In 2020, the NAIC established a Pet Insurance Working Group to develop a model law aimed at creating more consistent standards for disclosures, policy terms and consumer protections across states. The industry association NAPHIA, whose members account for the majority of pet health insurance in force, has supported this process and has argued that the framework should balance consumer transparency with scope for product innovation. As states adopt pet-insurance-specific legislation based on the NAIC model, pet insurance is expected to move from being regulated under general property and casualty rules toward a more harmonised regime.

=== Canada ===
In Canada, insurance regulation is shared between federal and provincial authorities. Federally regulated insurers are supervised on a prudential basis by the Office of the Superintendent of Financial Institutions (OSFI), while provincial and territorial regulators oversee market conduct, licensing of insurers and intermediaries, and enforcement of consumer protection laws.

Co-ordination across jurisdictions is provided by the Canadian Council of Insurance Regulators (CCIR), an inter-jurisdictional body whose mandate is to promote an efficient and effective insurance regulatory system and to develop common approaches to market-conduct oversight.
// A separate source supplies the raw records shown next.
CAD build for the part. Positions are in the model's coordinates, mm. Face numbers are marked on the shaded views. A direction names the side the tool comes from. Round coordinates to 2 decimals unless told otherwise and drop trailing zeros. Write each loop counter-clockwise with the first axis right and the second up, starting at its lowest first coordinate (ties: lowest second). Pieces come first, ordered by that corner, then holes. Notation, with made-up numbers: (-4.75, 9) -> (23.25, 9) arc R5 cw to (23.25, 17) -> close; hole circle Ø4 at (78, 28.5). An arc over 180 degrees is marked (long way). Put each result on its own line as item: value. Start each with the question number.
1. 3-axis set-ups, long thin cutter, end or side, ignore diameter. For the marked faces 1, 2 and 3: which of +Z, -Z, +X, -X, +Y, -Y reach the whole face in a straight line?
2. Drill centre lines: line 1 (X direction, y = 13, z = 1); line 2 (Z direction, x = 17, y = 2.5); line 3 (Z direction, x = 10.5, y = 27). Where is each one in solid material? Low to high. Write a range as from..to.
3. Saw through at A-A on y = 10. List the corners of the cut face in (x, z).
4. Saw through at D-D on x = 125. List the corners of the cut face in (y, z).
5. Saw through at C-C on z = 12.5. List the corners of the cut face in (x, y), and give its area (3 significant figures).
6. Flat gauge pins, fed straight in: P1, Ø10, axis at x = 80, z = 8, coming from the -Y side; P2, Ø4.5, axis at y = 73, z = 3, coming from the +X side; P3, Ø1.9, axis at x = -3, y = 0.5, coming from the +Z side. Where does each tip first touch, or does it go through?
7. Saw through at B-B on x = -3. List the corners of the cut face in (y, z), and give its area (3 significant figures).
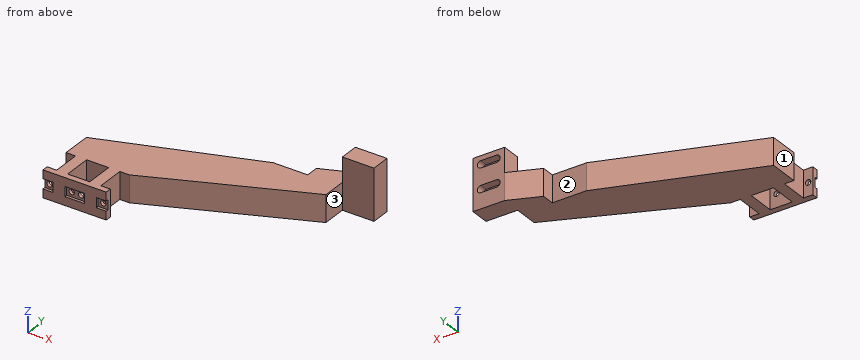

Pet insurance products are generally treated as a subset of property and casualty insurance and are therefore subject to the same provincial statutes and conduct expectations as other retail general-insurance products, including risk-based market-conduct supervision frameworks that focus on sales practices, underwriting and claims handling.

== Economic effects ==
Studies have analyzed how pet insurance influences veterinary spending and pet owners’ decisions. Research suggests that insured owners may spend more on comprehensive veterinary care than uninsured owners, reflecting both increased utilization of services and financial risk mitigation. This behavior aligns with market data showing sustained double-digit growth in the sector, with global premiums increasing at an estimated 11–15% CAGR between 2019 and 2024. Pet insurance also serves as a financial planning tool for owners, helping to manage unexpected veterinary expenses.